TransCanada, Alberta, and some producers want to retain rolled in tolls in which all users would pay for the expansion.

Several major producers and eastern consumers want incremental tolls so exporters benefiting on new deliveries from the expansion would pay for it.

A quick ruling is needed because the expansion is tied to the proposed Iroquois project to move Canadian gas to the U.S. Northeast. Deliveries are to begin Nov. 1, 1991, and contracts will expire if construction deadlines aren't met.

Meantime, FERC last week found the Iroquois project-which has met with heated opposition by U.S. independents (OGJ, May 21, p. 28)--environmentally acceptable.

California's Big Green initiative--a grab bag of tough environmental measures for the November 1990 ballot--would, among other things, hike the price of gasoline by at least 25-50/gal by 2000 and by more than 50-$1/gal by 2010, restrict auto buyers' choice to vehicles getting 40 mpg or better, and more than double price and perhaps force rationing of diesel, says the California Coordinating Council.

In addition, a council poll showed a reversal in voter approval of the initiative (OGJ, Feb. 5, p. 30) when confronted with details of the measure.

The U.S. Coast Guard has concluded that failure of Golden West Refining Co., Santa Fe Springs, Calif., and a mooring master and his employer to be aware of accurate water depths caused the 9,458 bbl American Trader tanker oil spill off Huntington Beach, Calif., Feb. 7.

The tanker was maneuvering in waters shallower than shown in 1975 depth charts when a swell caused it impale itself on its anchor.
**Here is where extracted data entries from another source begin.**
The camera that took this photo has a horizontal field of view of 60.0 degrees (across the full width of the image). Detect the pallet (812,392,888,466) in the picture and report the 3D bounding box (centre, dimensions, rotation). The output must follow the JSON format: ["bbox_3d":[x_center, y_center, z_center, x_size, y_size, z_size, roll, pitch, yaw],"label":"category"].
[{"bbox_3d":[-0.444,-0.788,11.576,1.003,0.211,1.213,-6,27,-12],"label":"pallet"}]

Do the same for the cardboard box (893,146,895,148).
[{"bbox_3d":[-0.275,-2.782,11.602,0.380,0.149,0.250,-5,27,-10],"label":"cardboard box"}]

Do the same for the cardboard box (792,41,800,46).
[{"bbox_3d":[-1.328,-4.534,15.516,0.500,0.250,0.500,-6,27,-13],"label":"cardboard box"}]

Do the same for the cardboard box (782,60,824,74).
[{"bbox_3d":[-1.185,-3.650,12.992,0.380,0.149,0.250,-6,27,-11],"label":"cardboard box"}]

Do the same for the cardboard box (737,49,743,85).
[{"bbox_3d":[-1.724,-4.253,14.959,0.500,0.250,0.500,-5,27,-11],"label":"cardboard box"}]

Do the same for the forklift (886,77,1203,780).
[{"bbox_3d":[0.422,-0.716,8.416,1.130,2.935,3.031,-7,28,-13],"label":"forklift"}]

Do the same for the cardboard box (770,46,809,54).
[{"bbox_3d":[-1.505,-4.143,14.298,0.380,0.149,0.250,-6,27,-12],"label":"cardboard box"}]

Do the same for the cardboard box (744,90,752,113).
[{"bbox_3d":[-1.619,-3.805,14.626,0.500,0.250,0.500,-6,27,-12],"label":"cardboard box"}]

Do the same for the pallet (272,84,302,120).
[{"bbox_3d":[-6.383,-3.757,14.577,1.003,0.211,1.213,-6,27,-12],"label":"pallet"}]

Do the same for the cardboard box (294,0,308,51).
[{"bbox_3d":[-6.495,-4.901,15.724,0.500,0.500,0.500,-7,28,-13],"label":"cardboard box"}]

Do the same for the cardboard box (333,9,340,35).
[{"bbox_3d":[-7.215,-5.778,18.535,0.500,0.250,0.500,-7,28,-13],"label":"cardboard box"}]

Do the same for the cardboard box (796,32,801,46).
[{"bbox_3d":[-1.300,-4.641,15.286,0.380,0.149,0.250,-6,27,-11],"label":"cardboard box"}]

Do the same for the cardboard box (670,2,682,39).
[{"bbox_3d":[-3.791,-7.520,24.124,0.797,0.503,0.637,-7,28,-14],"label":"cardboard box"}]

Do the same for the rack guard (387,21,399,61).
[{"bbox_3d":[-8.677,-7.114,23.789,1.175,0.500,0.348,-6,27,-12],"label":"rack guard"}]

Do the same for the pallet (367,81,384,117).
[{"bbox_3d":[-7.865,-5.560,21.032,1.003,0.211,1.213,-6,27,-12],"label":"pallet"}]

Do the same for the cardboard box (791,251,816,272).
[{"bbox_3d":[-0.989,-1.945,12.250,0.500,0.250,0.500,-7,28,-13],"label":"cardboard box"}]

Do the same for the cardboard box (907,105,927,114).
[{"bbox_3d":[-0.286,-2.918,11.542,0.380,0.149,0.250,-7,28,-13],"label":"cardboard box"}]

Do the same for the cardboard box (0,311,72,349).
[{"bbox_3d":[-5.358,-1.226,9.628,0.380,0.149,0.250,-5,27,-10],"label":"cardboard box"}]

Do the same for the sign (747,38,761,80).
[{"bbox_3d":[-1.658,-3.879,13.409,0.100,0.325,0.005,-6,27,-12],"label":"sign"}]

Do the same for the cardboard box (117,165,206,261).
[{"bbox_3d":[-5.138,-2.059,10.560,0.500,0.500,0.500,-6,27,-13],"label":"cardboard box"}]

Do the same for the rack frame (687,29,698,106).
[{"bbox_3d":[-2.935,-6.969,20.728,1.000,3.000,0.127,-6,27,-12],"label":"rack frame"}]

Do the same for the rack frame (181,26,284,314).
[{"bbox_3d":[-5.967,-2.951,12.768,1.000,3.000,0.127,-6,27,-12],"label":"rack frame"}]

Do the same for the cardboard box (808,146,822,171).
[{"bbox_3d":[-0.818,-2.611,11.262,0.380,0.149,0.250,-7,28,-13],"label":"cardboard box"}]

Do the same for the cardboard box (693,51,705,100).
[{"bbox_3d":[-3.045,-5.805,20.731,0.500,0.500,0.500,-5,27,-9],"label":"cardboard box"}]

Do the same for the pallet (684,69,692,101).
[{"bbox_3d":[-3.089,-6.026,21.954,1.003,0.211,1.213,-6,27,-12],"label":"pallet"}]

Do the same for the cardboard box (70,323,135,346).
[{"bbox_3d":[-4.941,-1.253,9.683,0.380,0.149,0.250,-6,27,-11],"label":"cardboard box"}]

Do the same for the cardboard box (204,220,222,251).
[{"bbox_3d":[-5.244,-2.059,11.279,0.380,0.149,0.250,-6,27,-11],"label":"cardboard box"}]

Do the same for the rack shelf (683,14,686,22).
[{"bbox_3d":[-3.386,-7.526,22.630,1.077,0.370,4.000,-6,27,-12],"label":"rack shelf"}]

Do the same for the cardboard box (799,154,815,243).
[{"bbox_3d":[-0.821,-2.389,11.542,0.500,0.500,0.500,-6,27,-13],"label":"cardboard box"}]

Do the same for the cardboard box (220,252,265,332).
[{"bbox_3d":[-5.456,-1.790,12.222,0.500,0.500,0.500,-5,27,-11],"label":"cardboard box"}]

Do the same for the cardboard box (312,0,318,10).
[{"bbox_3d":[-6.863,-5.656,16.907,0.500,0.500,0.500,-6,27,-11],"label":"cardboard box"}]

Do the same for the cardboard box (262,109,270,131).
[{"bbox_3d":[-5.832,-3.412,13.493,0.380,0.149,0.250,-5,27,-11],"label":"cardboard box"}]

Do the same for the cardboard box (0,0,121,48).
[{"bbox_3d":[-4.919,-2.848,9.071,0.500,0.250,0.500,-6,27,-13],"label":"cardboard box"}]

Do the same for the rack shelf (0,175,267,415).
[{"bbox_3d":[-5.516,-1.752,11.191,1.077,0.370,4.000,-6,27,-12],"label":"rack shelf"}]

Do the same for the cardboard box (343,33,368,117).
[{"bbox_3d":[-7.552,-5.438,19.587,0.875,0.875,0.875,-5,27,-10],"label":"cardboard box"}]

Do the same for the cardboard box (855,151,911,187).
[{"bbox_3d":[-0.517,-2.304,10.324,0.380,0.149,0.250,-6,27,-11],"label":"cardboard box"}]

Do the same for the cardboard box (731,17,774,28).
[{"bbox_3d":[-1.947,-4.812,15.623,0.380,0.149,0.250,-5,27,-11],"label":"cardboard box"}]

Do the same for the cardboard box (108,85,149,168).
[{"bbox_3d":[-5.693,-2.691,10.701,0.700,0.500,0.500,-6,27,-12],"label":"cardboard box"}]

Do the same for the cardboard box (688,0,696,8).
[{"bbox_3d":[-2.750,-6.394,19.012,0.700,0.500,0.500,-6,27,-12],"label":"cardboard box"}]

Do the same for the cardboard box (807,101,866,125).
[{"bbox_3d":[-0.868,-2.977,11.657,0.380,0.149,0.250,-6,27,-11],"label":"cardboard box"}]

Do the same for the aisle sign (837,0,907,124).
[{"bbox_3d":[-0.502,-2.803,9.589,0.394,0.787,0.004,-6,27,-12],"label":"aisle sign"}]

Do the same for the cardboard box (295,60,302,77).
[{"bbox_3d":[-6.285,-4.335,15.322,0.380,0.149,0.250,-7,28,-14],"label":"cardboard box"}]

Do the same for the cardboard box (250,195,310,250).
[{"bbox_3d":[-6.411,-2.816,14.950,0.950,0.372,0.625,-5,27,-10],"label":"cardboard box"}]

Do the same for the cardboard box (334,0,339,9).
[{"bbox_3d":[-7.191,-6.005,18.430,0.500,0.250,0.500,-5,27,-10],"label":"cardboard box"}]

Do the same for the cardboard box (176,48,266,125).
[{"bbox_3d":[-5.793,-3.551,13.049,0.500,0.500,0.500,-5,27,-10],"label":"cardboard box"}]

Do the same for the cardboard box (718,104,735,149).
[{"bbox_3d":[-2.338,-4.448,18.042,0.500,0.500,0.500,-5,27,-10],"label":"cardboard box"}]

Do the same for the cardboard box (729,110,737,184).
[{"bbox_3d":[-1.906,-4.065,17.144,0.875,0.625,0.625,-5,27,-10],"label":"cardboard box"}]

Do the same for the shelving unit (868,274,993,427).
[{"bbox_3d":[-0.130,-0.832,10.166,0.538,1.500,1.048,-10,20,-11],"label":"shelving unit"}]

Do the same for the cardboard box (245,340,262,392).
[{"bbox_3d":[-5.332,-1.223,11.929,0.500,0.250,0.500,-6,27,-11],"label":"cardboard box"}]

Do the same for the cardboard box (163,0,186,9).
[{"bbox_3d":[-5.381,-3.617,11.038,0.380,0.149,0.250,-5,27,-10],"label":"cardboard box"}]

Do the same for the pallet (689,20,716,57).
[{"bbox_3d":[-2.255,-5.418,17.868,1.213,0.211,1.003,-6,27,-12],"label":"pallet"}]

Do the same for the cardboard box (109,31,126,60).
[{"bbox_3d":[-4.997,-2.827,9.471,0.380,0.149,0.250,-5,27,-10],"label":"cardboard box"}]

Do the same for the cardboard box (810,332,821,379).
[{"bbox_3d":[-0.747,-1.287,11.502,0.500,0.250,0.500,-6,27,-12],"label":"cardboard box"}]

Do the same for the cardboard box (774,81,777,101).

BP, which cleaned up the spill of its Alaskan crude on behalf of tanker owner American Trading & Transport Co., and the captain and crew were found blameless.

The U.S. active rig count has topped 1,000 for the first time in more than 2 years. Baker Hughes' tally last week jumped 29 to 1,001, up 33.6% from a year ago and the highest since Jan. 25, 1988. Except during August 1987-January 1988, the count had remained below 1,000 since Mar. 31, 1986.

The Senate has approved a measure calling for DOE to expand the SPR to 1 billion bbl from the planned 750 million bbl.

The bill now goes to the House. The Bush administration opposes an expansion, which it says would cost $12 billion.

The Senate bill also authorizes DOE to contract for supplementary reserves by leasing oil. DOE has been negotiating with Saudi Arabia, Venezuela, and other countries on such leases.